On Tax Day, House and Senate Democrats criticized the 2013 GOP tax overhaul for helping the wealthy at the expense of lower- and middle-class earners.

Posted Updated
Dem presser sign, April 15
By
Laura Leslie
RALEIGH, N.C. — House and Senate Democrats held a Tax Day press conference Wednesday to criticize the 2013 Republican tax overhaul and to pledge to work to change it.

The event was the final stop of what Progress NC, a left-leaning group, is calling the "Tax Hike Truth Tour," a campaign that's been traveling around the state during the last week criticizing Republican leaders for, they say, helping the wealthy at the expense of lower- and middle-class earners.
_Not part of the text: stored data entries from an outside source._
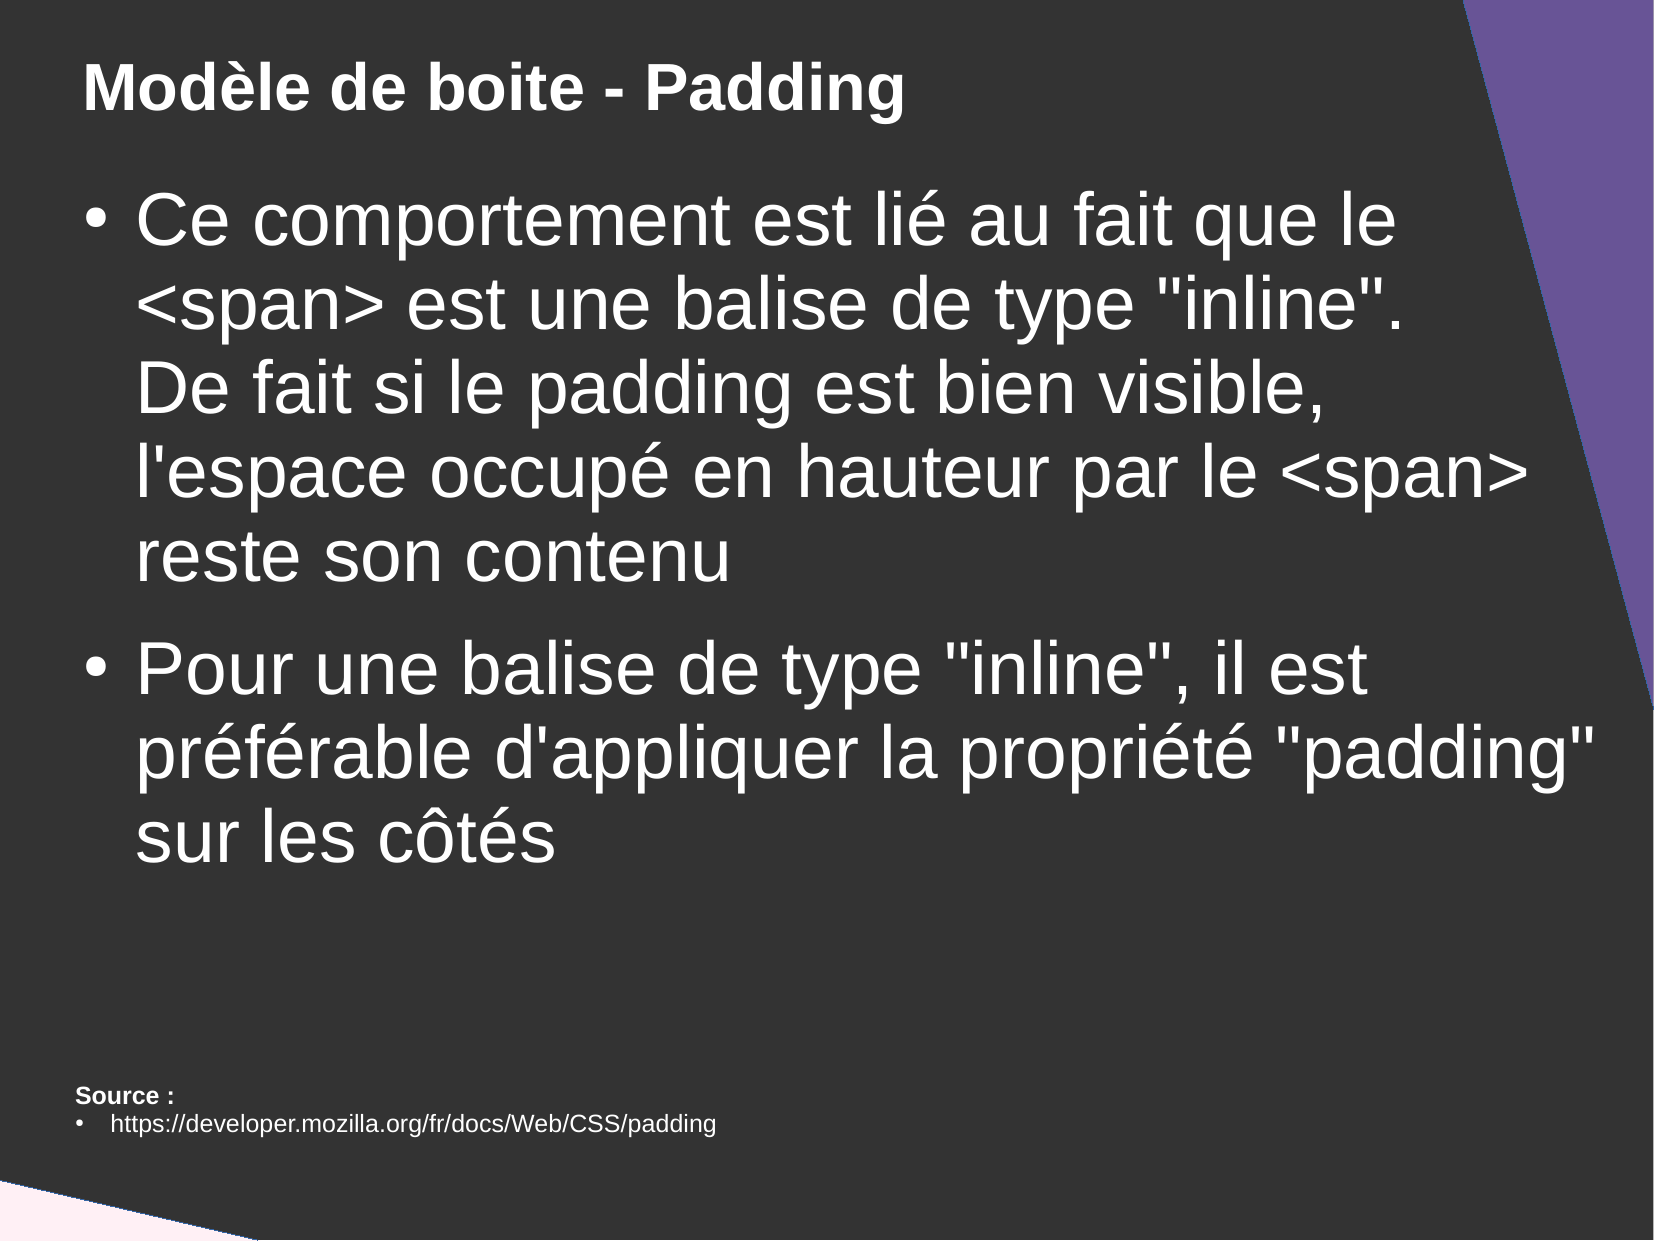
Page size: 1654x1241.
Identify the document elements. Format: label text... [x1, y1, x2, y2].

title Modèle de boite - Padding [82, 49, 1571, 130]
list Ce comportement est lié au fait que le <span> est une balise de type "inline". De fait si le padding est bien visible, l'espace occupé en hauteur par le <span> reste son contenu Pour une balise de type "inline", il est préférable d'appliquer la propriété "padding" sur les côtés [64, 177, 1604, 886]
text_box Source : https://developer.mozilla.org/fr/docs/Web/CSS/padding [60, 1074, 1546, 1217]
text_box [1463, 0, 1654, 710]
text_box [0, 1180, 262, 1241]
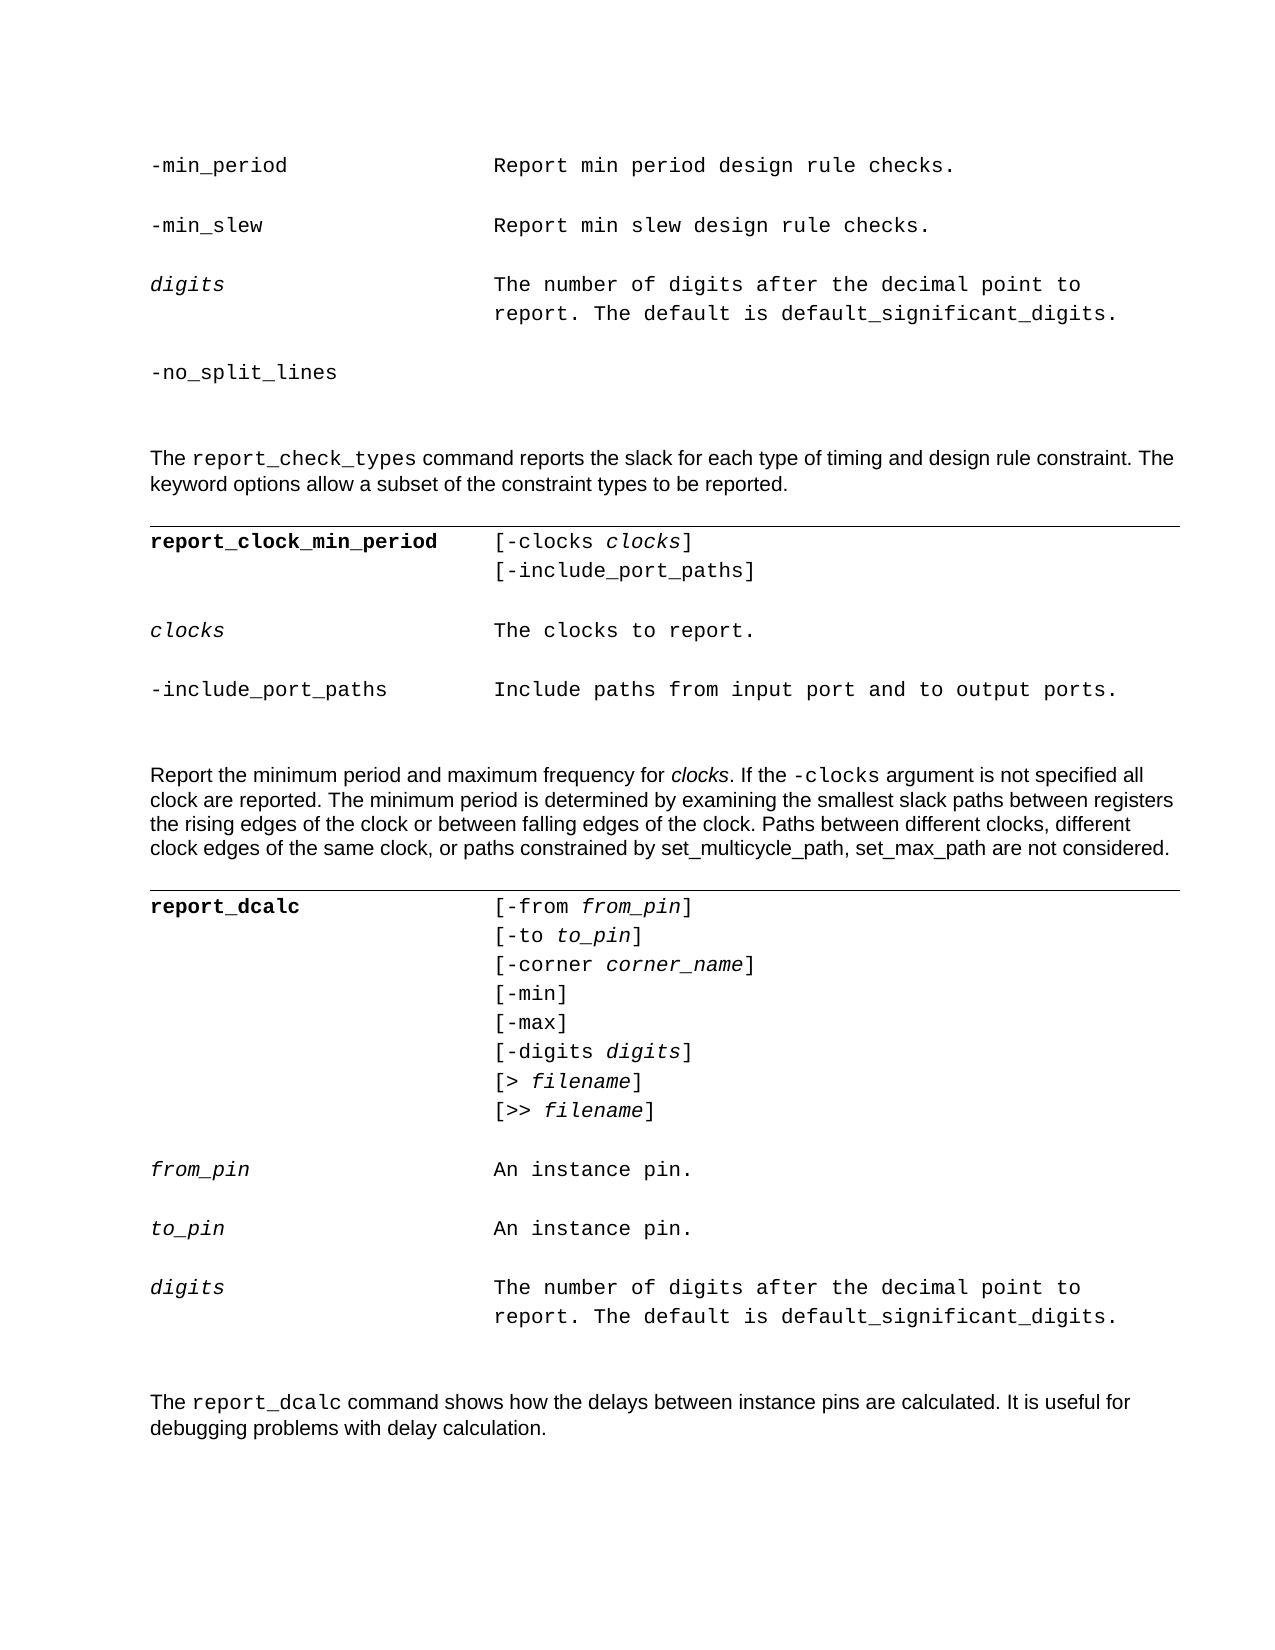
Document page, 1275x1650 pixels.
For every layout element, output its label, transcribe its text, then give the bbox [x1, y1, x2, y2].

table_cell -min_period [150, 150, 493, 209]
table_cell [493, 357, 1180, 416]
table_cell The clocks to report. [493, 614, 1180, 673]
table_cell clocks [150, 614, 493, 673]
table_cell An instance pin. [493, 1213, 1180, 1272]
table_cell The number of digits after the decimal point to report. The default is default_significant_digits. [493, 268, 1180, 357]
table_header [-clocks clocks] [-include_port_paths] [493, 527, 1180, 614]
table_cell from_pin [150, 1154, 493, 1213]
table_header [-from from_pin] [-to to_pin] [-corner corner_name] [-min] [-max] [-digits digits] [> filename] [>> filename] [493, 891, 1180, 1153]
table_cell Include paths from input port and to output ports. [493, 673, 1180, 732]
text The report_dcalc command shows how the delays between instance pins are calculated. It is useful for debugging problems with delay calculation. [150, 1390, 1180, 1440]
table_cell An instance pin. [493, 1154, 1180, 1213]
table_cell -min_slew [150, 209, 493, 268]
table_cell Report min period design rule checks. [493, 150, 1180, 209]
table_cell The number of digits after the decimal point to report. The default is default_significant_digits. [493, 1272, 1180, 1360]
table_header report_dcalc [150, 891, 493, 1153]
text Report the minimum period and maximum frequency for clocks. If the -clocks argument is not specified all clock are reported. The minimum period is determined by examining the smallest slack paths between registers the rising edges of the clock or between falling edges of the clock. Paths between different clocks, different clock edges of the same clock, or paths constrained by set_multicycle_path, set_max_path are not considered. [150, 762, 1180, 860]
text The report_check_types command reports the slack for each type of timing and design rule constraint. The keyword options allow a subset of the constraint types to be reported. [150, 446, 1180, 496]
table_cell -include_port_paths [150, 673, 493, 732]
table_cell to_pin [150, 1213, 493, 1272]
table_cell -no_split_lines [150, 357, 493, 416]
table_header report_clock_min_period [150, 527, 493, 614]
table_cell Report min slew design rule checks. [493, 209, 1180, 268]
table_cell digits [150, 1272, 493, 1360]
table_cell digits [150, 268, 493, 357]

"This year, families across the state are feeling for the first time an added burden in their wallets," said Senate Minority Leader Dan Blue.

Blue, D-Wake, said the Republican-penned overhaul "gave billions of dollars in tax handouts to big corporations and the wealthiest individuals while raising taxes on lower- and working-class families."

"A working family in North Carolina can't get a break, not a tax break anyway," agreed House Minority Leader Larry Hall, saying that two-thirds of the benefit of the 2013 tax reform goes to taxpayers making nearly seven figures.

"Over $900,000 a year, you're getting a tax break. Working families can barely make it from paycheck to paycheck," said Hall, D-Durham.

The event featured three taxpayers who said they had seen their state tax bills increase substantially because of the overhaul.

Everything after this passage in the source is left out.